The research and consulting firm’s latest report*, indicates that India’s rapidly growing generics market is the primary driver of the nation’s pharmaceutical sector, with sales expected to rise by nearly 84% to £18.1bn ($26.1bn) in 2016.

Generic drugs, with their low costs and easy accessibility, now dominate India’s pharmaceutical space, accounting for around 70% of the market, the report states.

Adam Dion, GlobalData’s senior industry analyst, said: "India supplies 20% of global generic medicines in terms of export volume, making the country the largest provider of generic medicines globally.
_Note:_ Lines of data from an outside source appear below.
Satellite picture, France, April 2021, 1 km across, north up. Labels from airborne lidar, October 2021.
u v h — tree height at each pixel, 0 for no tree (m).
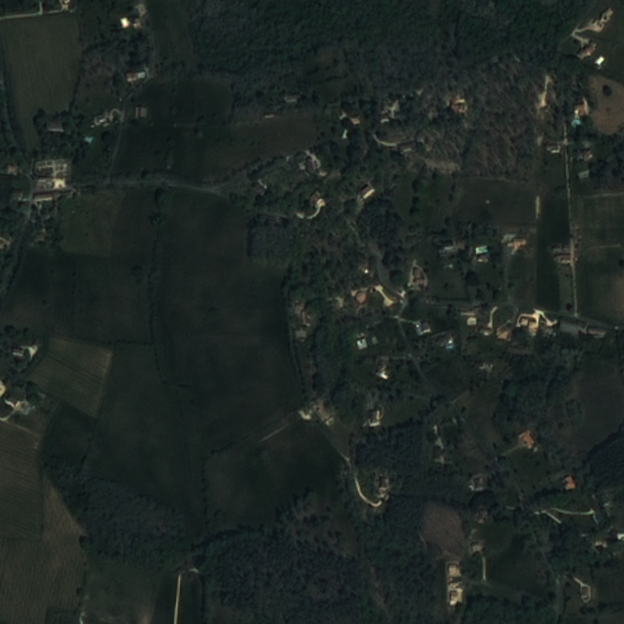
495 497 16
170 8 0
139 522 9
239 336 0
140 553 19
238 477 0
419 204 18
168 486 0
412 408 0
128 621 0
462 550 20
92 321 0
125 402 0
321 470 0
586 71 6
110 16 8
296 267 16
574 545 22
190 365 0
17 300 0
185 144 0
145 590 0
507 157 17
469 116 18
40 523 0
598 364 0
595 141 15
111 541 14
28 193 0
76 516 15
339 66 14
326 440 0
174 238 0
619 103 0
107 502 18
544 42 10
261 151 0
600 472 16
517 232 0
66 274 0
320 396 12
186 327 0
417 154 12
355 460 13
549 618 26
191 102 0
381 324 12
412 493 15
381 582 12
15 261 20
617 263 0
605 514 11
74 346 0
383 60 11
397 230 22
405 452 18
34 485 0
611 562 15
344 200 10
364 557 8
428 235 7
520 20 24
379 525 20
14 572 0
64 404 0
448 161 16
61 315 0
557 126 11
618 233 0
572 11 20
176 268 0
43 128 10
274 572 15
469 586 9
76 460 0
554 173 0
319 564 19
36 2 18
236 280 0
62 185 0
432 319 0
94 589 0
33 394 15
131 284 0
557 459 17
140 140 0
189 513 0
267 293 0
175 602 0
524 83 17
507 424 13
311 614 16
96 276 0
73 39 0
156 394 0
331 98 0
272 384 0
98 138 0
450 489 15
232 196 11
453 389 0
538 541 23
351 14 21
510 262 0
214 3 17
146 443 0
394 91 12
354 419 20
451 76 10
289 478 0
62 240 7
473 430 0
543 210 0
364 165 12
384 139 20
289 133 0
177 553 16
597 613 12
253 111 17
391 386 9
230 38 10
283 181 13
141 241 0
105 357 0
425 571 24
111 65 13
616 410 0
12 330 12
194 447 0
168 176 22
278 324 0
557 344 11
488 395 0
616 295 0
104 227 0
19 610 0
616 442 20
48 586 0
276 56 13
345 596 18
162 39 0
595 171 11
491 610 21
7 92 11
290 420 0
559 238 0
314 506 16
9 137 18
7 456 0
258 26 12
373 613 18
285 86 14
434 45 12
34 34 0
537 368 7
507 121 16
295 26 14
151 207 0
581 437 0
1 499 0
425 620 17
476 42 19
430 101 11
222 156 0
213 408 0
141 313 0
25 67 0
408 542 19
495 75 16
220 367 0
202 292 0
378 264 18
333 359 25
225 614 0
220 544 22
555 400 15
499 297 12
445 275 0
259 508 0
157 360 6
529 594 0
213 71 13
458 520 19
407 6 19
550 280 0
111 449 0
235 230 0
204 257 0
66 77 0
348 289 21
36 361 7
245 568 20
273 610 14
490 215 0
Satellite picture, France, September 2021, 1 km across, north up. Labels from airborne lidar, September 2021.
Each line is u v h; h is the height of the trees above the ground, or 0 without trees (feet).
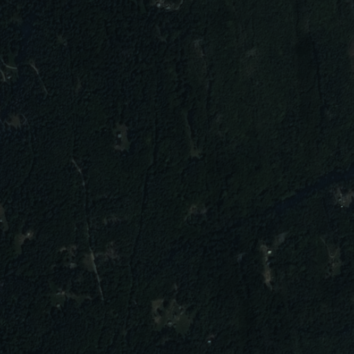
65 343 78
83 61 78
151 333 63
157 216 95
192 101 65
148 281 96
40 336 27
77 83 66
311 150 29
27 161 65
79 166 56
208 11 75
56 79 71
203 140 56
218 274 98
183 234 112
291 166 62
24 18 29
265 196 124
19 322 94
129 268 71
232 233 99
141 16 38
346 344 67
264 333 111
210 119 36
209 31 76
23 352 62
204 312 63
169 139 77
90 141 108
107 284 60
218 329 71
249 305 49
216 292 102
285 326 114
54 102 62
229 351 89
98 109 94
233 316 92
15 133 78
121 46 101
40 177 99
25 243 54
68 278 91
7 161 73
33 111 90
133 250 37
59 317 78
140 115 109
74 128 59
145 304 77
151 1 28
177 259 84
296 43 22
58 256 44
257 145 65
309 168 71
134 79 79
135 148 77
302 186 107
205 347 73
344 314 75
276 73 65
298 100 85
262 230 74
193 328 66
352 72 41
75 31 97
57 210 58
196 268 85
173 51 77
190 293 70
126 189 76
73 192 79
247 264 77
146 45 56
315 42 85
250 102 41
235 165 102
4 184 77
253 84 54
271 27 78
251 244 98
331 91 99
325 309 23
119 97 77
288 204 91
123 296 86
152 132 69
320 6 56
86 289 26
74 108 64
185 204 95
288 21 60
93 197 104
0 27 89
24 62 102
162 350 71
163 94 96
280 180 110
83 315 56
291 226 85
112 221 61
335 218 72
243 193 111
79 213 77
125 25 85
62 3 74
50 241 61
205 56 73
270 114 64
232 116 60
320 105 38
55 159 74
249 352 49
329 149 83
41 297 63
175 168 94
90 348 103
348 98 80
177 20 65
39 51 90
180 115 91
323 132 94
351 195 0
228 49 82
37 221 80
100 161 66
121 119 71
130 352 76
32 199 79
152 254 74
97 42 111
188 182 102
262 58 36
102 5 76
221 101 50
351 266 83
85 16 83
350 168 62
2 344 72
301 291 85
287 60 63
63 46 28
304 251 87
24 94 101
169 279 84
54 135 78
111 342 66
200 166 97
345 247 83
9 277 78
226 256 69
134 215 59
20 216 83
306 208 73
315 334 98
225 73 74
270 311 73
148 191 101
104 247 89
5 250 74
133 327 58
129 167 58
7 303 79
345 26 36
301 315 75
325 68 73
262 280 56
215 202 24
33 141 93
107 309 82
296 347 44
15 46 76
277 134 91
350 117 85
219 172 74
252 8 78
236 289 36
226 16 73
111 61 68
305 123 44
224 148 76
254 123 43
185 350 71
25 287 93
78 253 58
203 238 122
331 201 73
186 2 27
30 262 107
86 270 22
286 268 66
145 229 76
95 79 95
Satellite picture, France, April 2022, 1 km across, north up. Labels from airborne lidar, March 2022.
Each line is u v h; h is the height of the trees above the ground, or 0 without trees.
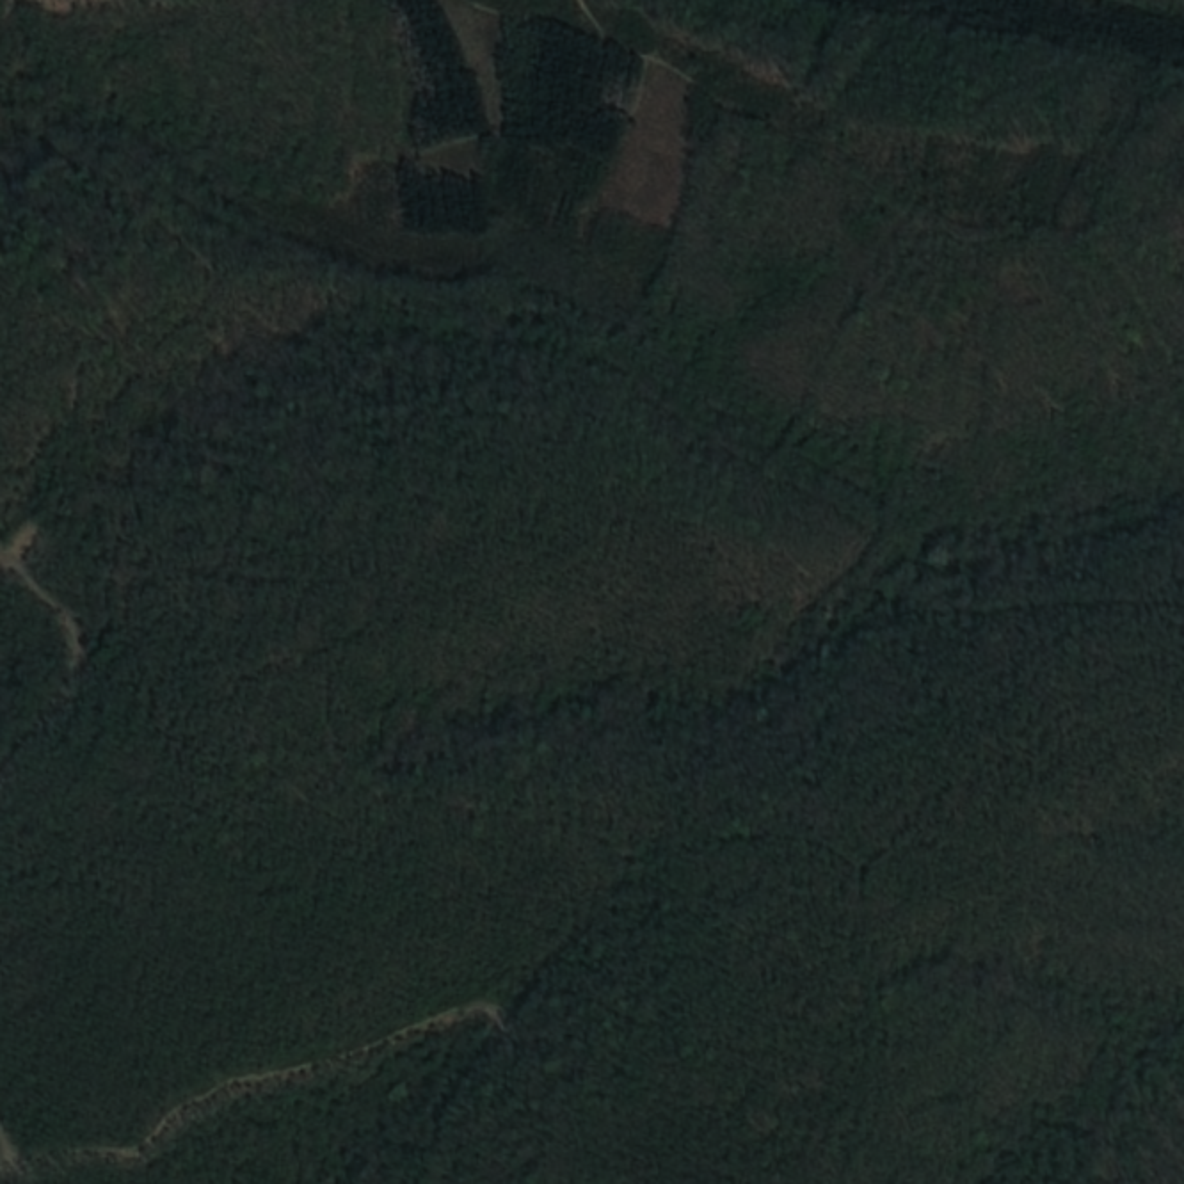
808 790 19
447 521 19
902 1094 22
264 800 18
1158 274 23
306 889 17
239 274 18
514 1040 20
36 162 23
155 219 24
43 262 24
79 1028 17
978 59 21
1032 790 21
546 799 20
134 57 17
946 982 29
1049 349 23
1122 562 24
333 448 28
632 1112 18
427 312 28
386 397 25
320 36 21
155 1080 19
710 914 17
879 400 26
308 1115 19
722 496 23
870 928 18
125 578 17
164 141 23
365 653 23
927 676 22
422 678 23
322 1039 20
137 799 16
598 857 20
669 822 22
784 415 11
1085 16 13
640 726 22
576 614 23
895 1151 24
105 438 19
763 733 23
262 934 16
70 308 22
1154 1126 23
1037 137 25
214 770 13
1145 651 19
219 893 17
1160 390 24
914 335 23
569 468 20
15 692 22
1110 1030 20
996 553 22
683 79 0
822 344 16
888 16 16
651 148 0
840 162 14
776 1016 20
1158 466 20
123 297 25
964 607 22
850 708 22
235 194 26
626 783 21
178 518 18
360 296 23
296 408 29
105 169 25
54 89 28
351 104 16
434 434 26
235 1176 19
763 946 15
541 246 8
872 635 21
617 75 13
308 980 18
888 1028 20
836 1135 20
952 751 18
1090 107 25
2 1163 0
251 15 22
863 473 15
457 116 26
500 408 26
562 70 19
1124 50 15
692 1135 18
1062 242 22
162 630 15
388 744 25
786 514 17
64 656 17
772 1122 23
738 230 23
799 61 21
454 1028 9
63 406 21
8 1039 17
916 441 21
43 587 17
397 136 17
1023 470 20
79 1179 22
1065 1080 24
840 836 19
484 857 18
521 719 23
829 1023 24
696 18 24
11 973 13
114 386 18
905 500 24
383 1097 8
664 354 25
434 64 21
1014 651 19
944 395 21
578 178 7
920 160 12
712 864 21
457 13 0
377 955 21
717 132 22
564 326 26
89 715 18
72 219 26
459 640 20
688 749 21
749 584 20
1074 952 22
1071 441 18
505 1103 20
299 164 27
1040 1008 26
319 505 23
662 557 16
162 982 12
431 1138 18
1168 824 22
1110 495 20
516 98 13
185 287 17
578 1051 22
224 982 17
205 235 24
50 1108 19
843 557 15
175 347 22
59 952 16
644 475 21
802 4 25
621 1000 25
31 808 19
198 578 13
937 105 16
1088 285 26
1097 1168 24
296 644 16
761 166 22
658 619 20
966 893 21
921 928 22
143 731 17
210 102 24
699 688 20
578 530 19
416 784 22
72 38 18
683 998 20
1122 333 30
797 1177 20
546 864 15
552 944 21
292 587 16
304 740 20
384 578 18
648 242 7
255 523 24
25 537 0
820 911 18
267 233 20
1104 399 23
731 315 19
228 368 35
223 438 27
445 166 0
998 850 20
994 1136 21
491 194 6
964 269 14
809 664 20
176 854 20
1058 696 19
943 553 24
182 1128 23
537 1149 22

"Indeed, Indian pharmaceutical companies are now exporting to countries like Brazil, Mexico, South Africa, Russia and Japan and, according to India’s Ministry of Commerce and Industry, the nation’s pharmaceutical export segment has more than doubled from £5.4bn ($7.8bn) in 2008 to £11.4 ($16.5bn) in 2014."

Another driver of India’s pharmaceutical sector is the potentially lucrative biosimilars market, which is expected to increase to £27.8bn ($40bn) globally by 2020, as biologic treatments are introduced for diseases such as diabetes, cancer, multiple sclerosis, and rheumatoid arthritis, according to the report.